SigmaZ AI hingegen stellt „Genauigkeit“ an die erste Stelle. William und Derek erklärten, dass Genauigkeit in ihrem Benchmark immer an erster Stelle stehen wird. Das führt dazu, dass ihre Produkte schließlich auf Praktikabilität abzielen. SigmaZ AI sagte gegenüber „Baobian“: Aus dieser Perspektive ist das Potenzial des Bereichs für interaktive Echtzeit-Videos möglicherweise viel größer als nur „einen interaktiven digitalen Menschen zu erzeugen“.
Ursprünglich entwickelte SigmaZ AI ein Konsumprodukt für Endkunden mit guten Nutzerzahlen, aber das Team stellte allmählich fest, dass Nutzer es nicht nur zum Lernen verwenden, sondern einige versuchen, damit kommerzielle Videos zu erzeugen.
„Kleine Händler, die Produktseiten hochladen, fragen uns im Hintergrund: Kann mein Produkt auch so 360 Grad gezeigt und vorgestellt werden? Die gängigen Tools zur Videogenerierung erzeugen nur 15 Sekunden auf einmal, sind teuer und machen oft Fehler bei den Produkten. Ihr Tool ist genau – wenn Sie eine separate Version für die Videoproduktion herausbringen, würde ich das Drei- bis Vierfache zahlen“, sagte William.

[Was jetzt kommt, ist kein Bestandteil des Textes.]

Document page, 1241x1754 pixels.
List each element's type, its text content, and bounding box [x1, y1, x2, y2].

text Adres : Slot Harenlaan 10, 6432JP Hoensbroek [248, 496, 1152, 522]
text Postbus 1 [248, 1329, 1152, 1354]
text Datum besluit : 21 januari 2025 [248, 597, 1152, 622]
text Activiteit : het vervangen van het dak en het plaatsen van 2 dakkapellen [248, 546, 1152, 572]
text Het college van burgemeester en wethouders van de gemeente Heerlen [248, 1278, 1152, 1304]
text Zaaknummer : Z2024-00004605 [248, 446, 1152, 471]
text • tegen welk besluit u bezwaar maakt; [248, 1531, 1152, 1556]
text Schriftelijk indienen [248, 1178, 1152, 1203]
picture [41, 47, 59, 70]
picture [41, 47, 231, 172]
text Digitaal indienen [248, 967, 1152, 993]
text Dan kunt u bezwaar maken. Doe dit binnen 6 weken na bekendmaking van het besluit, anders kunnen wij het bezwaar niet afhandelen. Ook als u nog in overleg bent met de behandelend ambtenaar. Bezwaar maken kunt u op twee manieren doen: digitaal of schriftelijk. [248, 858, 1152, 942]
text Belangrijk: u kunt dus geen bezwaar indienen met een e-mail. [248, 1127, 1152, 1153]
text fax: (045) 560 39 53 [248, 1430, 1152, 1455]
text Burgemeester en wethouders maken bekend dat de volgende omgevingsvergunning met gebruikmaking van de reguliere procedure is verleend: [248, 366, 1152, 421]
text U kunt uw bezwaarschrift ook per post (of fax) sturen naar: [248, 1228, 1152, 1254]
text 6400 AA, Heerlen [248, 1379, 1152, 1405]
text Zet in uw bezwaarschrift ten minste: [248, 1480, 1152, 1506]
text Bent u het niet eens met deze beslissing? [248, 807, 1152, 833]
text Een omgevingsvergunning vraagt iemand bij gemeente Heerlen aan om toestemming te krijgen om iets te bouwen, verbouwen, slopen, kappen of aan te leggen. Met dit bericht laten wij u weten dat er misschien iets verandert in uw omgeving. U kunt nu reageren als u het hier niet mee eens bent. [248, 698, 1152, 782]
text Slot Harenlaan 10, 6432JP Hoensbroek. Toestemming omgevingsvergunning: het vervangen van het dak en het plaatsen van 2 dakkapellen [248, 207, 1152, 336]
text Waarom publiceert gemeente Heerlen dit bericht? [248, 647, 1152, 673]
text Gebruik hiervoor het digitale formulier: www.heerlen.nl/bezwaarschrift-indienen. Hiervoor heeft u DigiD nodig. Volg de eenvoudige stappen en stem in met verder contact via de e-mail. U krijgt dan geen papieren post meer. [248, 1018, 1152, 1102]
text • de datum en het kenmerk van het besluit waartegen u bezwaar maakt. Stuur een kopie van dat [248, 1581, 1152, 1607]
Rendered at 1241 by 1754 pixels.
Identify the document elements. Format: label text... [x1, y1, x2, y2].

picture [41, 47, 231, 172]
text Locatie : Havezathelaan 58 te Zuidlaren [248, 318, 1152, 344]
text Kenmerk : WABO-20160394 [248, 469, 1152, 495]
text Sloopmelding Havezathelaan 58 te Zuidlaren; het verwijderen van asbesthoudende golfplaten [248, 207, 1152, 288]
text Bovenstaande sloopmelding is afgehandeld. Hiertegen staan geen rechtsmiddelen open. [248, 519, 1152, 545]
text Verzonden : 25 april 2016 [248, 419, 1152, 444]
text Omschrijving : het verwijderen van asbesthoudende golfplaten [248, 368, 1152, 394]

Auf Basis dieser tatsächlichen Nachfrage beschlossen sie, eine breiter zugängliche Plattform namens Tap8 zu entwickeln, die als „Produktlabor“ positioniert ist. Zukünftig wird Tap8 sowohl für Endkunden als auch für Unternehmenskunden geöffnet und dient verschiedenen informationsintensiven Szenarien wie Marketing, Vertrieb, Führung und Anleitungen. Vielleicht wird eines Tages, wenn der Nutzer die Kamera fragt „Wie repariere ich einen Fernseher?“, ein drehbares 3D-Modell auf dem Bildschirm erscheinen, das den Nutzer Schritt für Schritt durch die Bedienung führt.
Derzeit lassen sich bereits erste Anzeichen von Wettbewerb auf Produktseite erkennen. Nehmen wir das kleine Beispiel „Hintergrund austauschen“. Die Fähigkeit von Lucy ist es, dass Sie zu einem Echtzeitbild einen Satz sagen, und es den Hintergrund sofort austauschen kann. Im Werbevideo von Tap8 können Nutzer Fragen zu dem in Echtzeit generierten Bild stellen, das Bild nach Anweisung sofort ändern lassen und direkt auf Elemente im Bild klicken – zum Beispiel auf ein bestimmtes Teil eines 3D-Kopfhörermodells klicken, und Tap8 generiert sofort ein Bild mit der entsprechenden Erklärung zur Funktionsweise.
Doch dies ist möglicherweise nur ein kleiner Teil des Wettbewerbs. Die größere Herausforderung besteht darin, dass diese jungen Startups sowohl das Kapital als auch die Nutzer davon überzeugen müssen, dass das, was sie mit KI erzeugen, sich von den bereits vorhandenen Produkten auf dem Markt unterscheidet.
Zum Beispiel können Nutzer im Werbevideo von Lucy ihr Gesicht mit KI sehr aufgedunsen aussehen lassen, was cool wirkt – aber Filter von Douyin haben vor vielen Jahren bereits ähnliche Effekte erzeugt. Egal wie echtzeitfähig und flüssig die Technik ist, wenn sie in den Augen der Nutzer nur „ein weiterer Filter“ ist, hat dieser Bereich noch keine eigene Bedeutung erlangt.
Möglicherweise ist die echte Trennlinie in diesem Bereich nicht, wer schneller ist, sondern wer als Erster ein Produkt hervorbringt, das es so noch nie gegeben hat.